Exercise prompt
The full listing, returned exactly and free of pictures, is the expected answer.

Source records
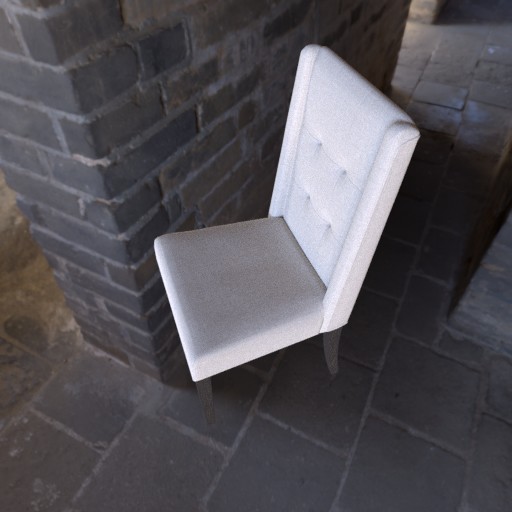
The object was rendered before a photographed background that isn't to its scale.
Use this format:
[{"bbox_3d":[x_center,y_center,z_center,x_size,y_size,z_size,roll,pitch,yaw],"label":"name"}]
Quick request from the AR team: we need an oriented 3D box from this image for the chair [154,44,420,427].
[{"bbox_3d":[0.000,0.000,1.258,0.523,0.961,0.474,-15,49,-14],"label":"chair"}]
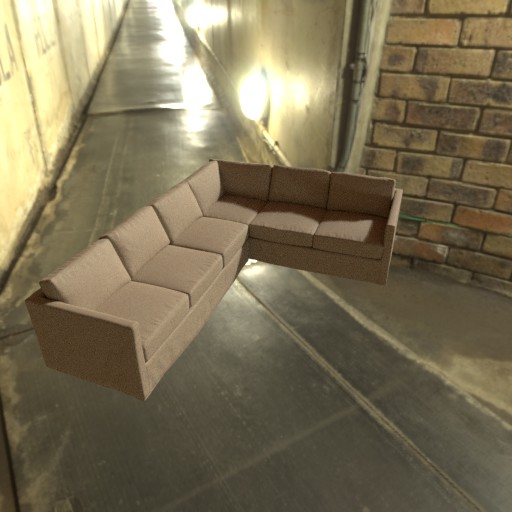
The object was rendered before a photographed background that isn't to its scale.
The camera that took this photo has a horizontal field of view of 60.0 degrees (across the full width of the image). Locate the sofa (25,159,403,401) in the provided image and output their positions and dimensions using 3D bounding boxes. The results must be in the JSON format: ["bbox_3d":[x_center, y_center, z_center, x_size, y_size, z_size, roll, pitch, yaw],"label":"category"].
[{"bbox_3d":[0.000,0.000,4.254,2.432,0.871,3.182,11,32,17],"label":"sofa"}]
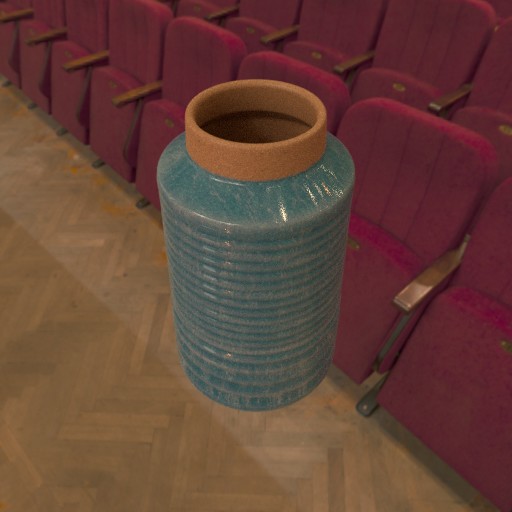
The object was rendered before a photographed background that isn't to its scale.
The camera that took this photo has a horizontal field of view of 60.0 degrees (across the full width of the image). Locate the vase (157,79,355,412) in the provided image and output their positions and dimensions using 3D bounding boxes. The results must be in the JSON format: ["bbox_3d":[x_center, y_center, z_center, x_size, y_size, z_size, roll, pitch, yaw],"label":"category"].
[{"bbox_3d":[0.000,0.000,0.377,0.163,0.267,0.163,0,46,0],"label":"vase"}]
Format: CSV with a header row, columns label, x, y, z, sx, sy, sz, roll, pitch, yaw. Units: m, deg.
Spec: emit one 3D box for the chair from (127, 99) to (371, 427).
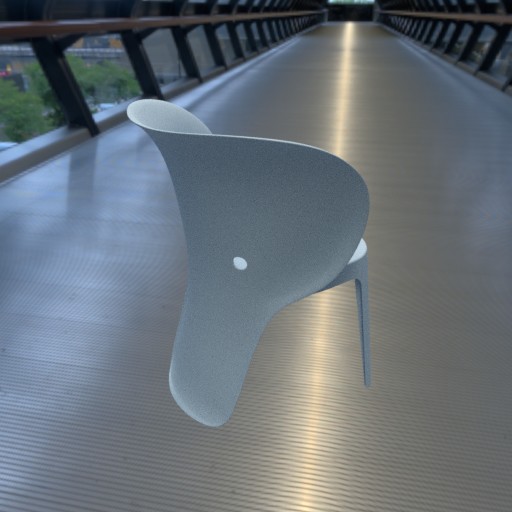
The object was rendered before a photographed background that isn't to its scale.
label,x,y,z,sx,sy,sz,roll,pitch,yaw
chair,0.000,0.000,0.855,0.402,0.554,0.451,-18,33,-30
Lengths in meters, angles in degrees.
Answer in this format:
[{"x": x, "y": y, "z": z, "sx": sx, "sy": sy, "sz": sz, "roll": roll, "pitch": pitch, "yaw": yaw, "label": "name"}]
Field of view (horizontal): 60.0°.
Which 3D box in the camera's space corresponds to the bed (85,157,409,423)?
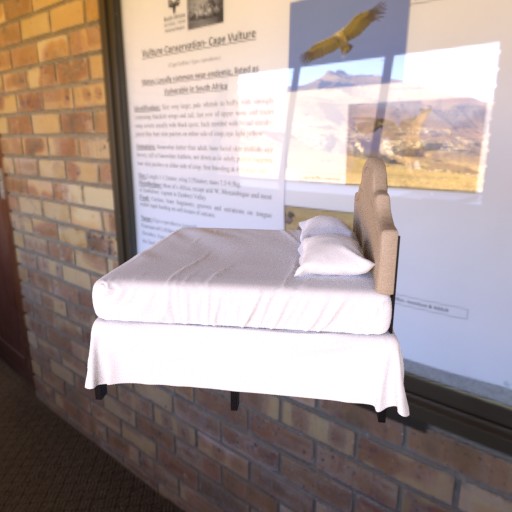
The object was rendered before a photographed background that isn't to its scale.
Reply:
[{"x": 0.000, "y": 0.000, "z": 3.729, "sx": 2.222, "sy": 1.631, "sz": 2.303, "roll": 2, "pitch": 15, "yaw": 8, "label": "bed"}]
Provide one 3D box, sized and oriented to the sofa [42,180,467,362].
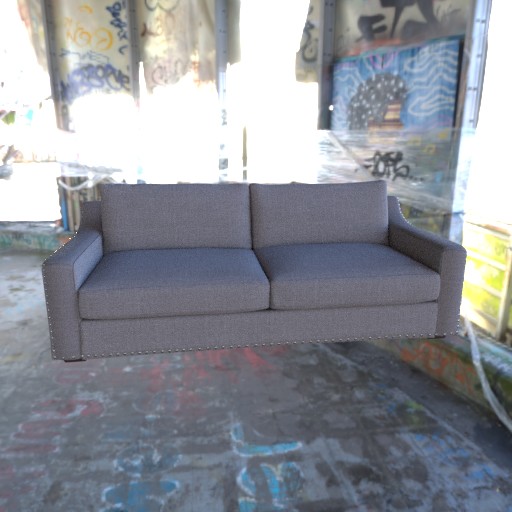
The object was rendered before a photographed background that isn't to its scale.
[{"bbox_3d":[0.000,0.000,2.721,2.208,0.857,1.000,-2,15,-8],"label":"sofa"}]
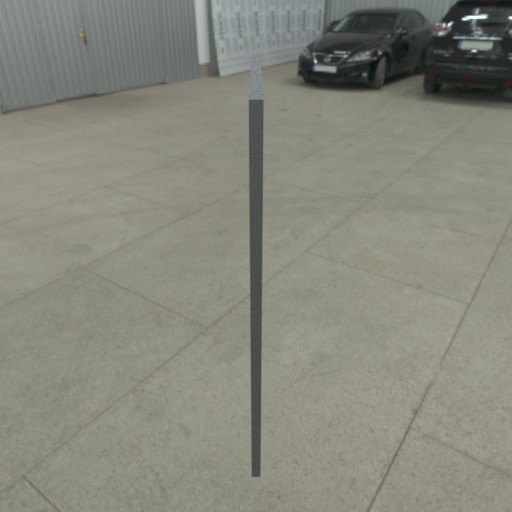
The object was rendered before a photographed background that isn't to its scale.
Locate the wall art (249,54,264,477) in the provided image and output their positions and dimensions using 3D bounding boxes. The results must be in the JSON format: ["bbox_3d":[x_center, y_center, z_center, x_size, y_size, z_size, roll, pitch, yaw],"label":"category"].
[{"bbox_3d":[0.000,0.000,0.685,0.013,0.534,0.380,0,30,0],"label":"wall art"}]
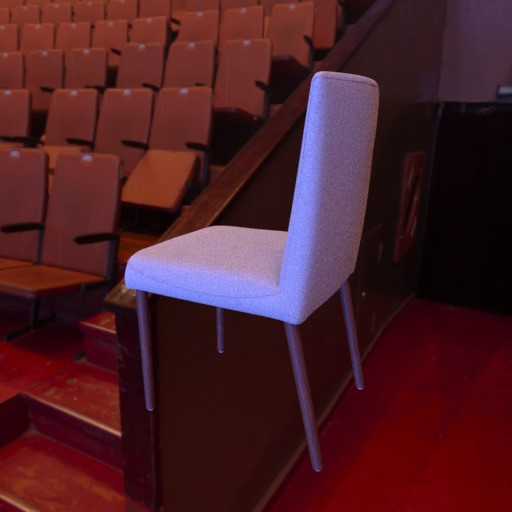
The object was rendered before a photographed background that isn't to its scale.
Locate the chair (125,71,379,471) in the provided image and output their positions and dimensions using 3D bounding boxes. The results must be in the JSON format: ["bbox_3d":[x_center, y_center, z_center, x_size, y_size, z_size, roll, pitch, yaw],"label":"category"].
[{"bbox_3d":[0.000,0.000,1.181,0.570,0.859,0.456,8,18,26],"label":"chair"}]
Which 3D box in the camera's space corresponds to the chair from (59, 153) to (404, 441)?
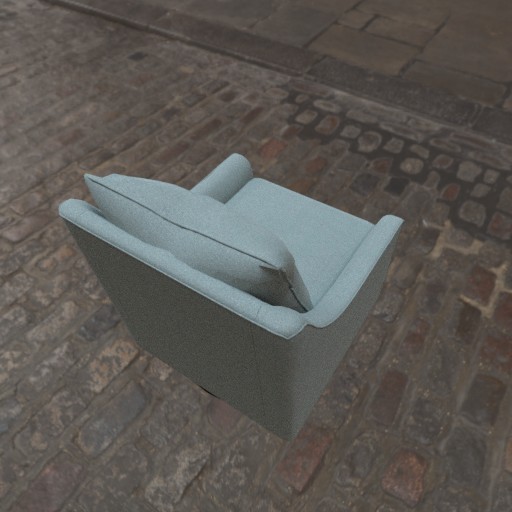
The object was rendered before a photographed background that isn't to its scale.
[{"bbox_3d":[0.000,0.000,1.553,0.760,0.926,0.870,26,53,22],"label":"chair"}]
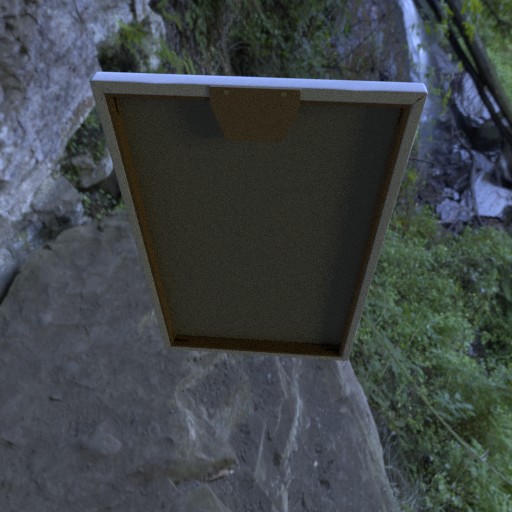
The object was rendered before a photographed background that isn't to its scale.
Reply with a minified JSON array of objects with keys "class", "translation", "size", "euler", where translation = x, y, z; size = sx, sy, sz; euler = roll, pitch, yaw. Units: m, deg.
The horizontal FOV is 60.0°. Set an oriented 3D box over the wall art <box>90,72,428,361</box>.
[{"class":"wall art","translation":[0.000,0.000,1.129],"size":[0.602,0.916,0.048],"euler":[3,47,3]}]
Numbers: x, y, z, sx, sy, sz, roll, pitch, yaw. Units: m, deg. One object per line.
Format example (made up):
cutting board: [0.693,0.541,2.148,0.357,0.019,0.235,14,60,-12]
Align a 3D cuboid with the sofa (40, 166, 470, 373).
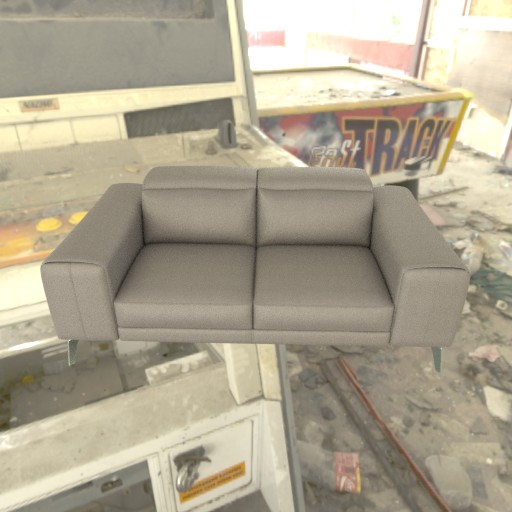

Written reply
The object was rendered before a photographed background that isn't to its scale.
Use this format:
[{"bbox_3d":[x_center,y_center,z_center,x_size,y_size,z_size,roll,pitch,yaw],"label":"name"}]
Quick request from the AR team: we need an oriented 3D box from this image for the chair [154,44,420,427].
[{"bbox_3d":[0.000,0.000,1.258,0.523,0.961,0.474,-15,49,-14],"label":"chair"}]
The object was rendered before a photographed background that isn't to its scale.
The camera that took this photo has a horizontal field of view of 60.0 degrees (across the full width of the image). Locate the sofa (25,159,403,401) in the provided image and output their positions and dimensions using 3D bounding boxes. The results must be in the JSON format: ["bbox_3d":[x_center, y_center, z_center, x_size, y_size, z_size, roll, pitch, yaw],"label":"category"].
[{"bbox_3d":[0.000,0.000,4.254,2.432,0.871,3.182,11,32,17],"label":"sofa"}]
The object was rendered before a photographed background that isn't to its scale.
The camera that took this photo has a horizontal field of view of 60.0 degrees (across the full width of the image). Locate the vase (157,79,355,412) in the provided image and output their positions and dimensions using 3D bounding boxes. The results must be in the JSON format: ["bbox_3d":[x_center, y_center, z_center, x_size, y_size, z_size, roll, pitch, yaw],"label":"category"].
[{"bbox_3d":[0.000,0.000,0.377,0.163,0.267,0.163,0,46,0],"label":"vase"}]
Format: CSV with a header row, columns label, x, y, z, sx, sy, sz, roll, pitch, yaw. Units: m, deg.
Spec: emit one 3D box for the chair from (127, 99) to (371, 427).
The object was rendered before a photographed background that isn't to its scale.
label,x,y,z,sx,sy,sz,roll,pitch,yaw
chair,0.000,0.000,0.855,0.402,0.554,0.451,-18,33,-30
Lengths in meters, angles in degrees.
Answer in this format:
[{"x": x, "y": y, "z": z, "sx": sx, "sy": sy, "sz": sz, "roll": roll, "pitch": pitch, "yaw": yaw, "label": "name"}]
Field of view (horizontal): 60.0°.
Which 3D box in the camera's space corresponds to the bed (85,157,409,423)?
The object was rendered before a photographed background that isn't to its scale.
Reply:
[{"x": 0.000, "y": 0.000, "z": 3.729, "sx": 2.222, "sy": 1.631, "sz": 2.303, "roll": 2, "pitch": 15, "yaw": 8, "label": "bed"}]
Provide one 3D box, sized and oriented to the sofa [42,180,467,362].
The object was rendered before a photographed background that isn't to its scale.
[{"bbox_3d":[0.000,0.000,2.721,2.208,0.857,1.000,-2,15,-8],"label":"sofa"}]
The object was rendered before a photographed background that isn't to its scale.
Locate the wall art (249,54,264,477) in the provided image and output their positions and dimensions using 3D bounding boxes. The results must be in the JSON format: ["bbox_3d":[x_center, y_center, z_center, x_size, y_size, z_size, roll, pitch, yaw],"label":"category"].
[{"bbox_3d":[0.000,0.000,0.685,0.013,0.534,0.380,0,30,0],"label":"wall art"}]
The object was rendered before a photographed background that isn't to its scale.
Locate the chair (125,71,379,471) in the provided image and output their positions and dimensions using 3D bounding boxes. The results must be in the JSON format: ["bbox_3d":[x_center, y_center, z_center, x_size, y_size, z_size, roll, pitch, yaw],"label":"category"].
[{"bbox_3d":[0.000,0.000,1.181,0.570,0.859,0.456,8,18,26],"label":"chair"}]
Which 3D box in the camera's space corresponds to the chair from (59, 153) to (404, 441)?
The object was rendered before a photographed background that isn't to its scale.
[{"bbox_3d":[0.000,0.000,1.553,0.760,0.926,0.870,26,53,22],"label":"chair"}]
The object was rendered before a photographed background that isn't to its scale.
Reply with a minified JSON array of objects with keys "class", "translation", "size", "euler", where translation = x, y, z; size = sx, sy, sz; euler = roll, pitch, yaw. Units: m, deg.
The horizontal FOV is 60.0°. Set an oriented 3D box over the wall art <box>90,72,428,361</box>.
[{"class":"wall art","translation":[0.000,0.000,1.129],"size":[0.602,0.916,0.048],"euler":[3,47,3]}]
Numbers: x, y, z, sx, sy, sz, roll, pitch, yaw. Units: m, deg. One object per line.
Format example (made up):
cutting board: [0.693,0.541,2.148,0.357,0.019,0.235,14,60,-12]
Align a 3D cuboid with the sofa (40, 166, 470, 373).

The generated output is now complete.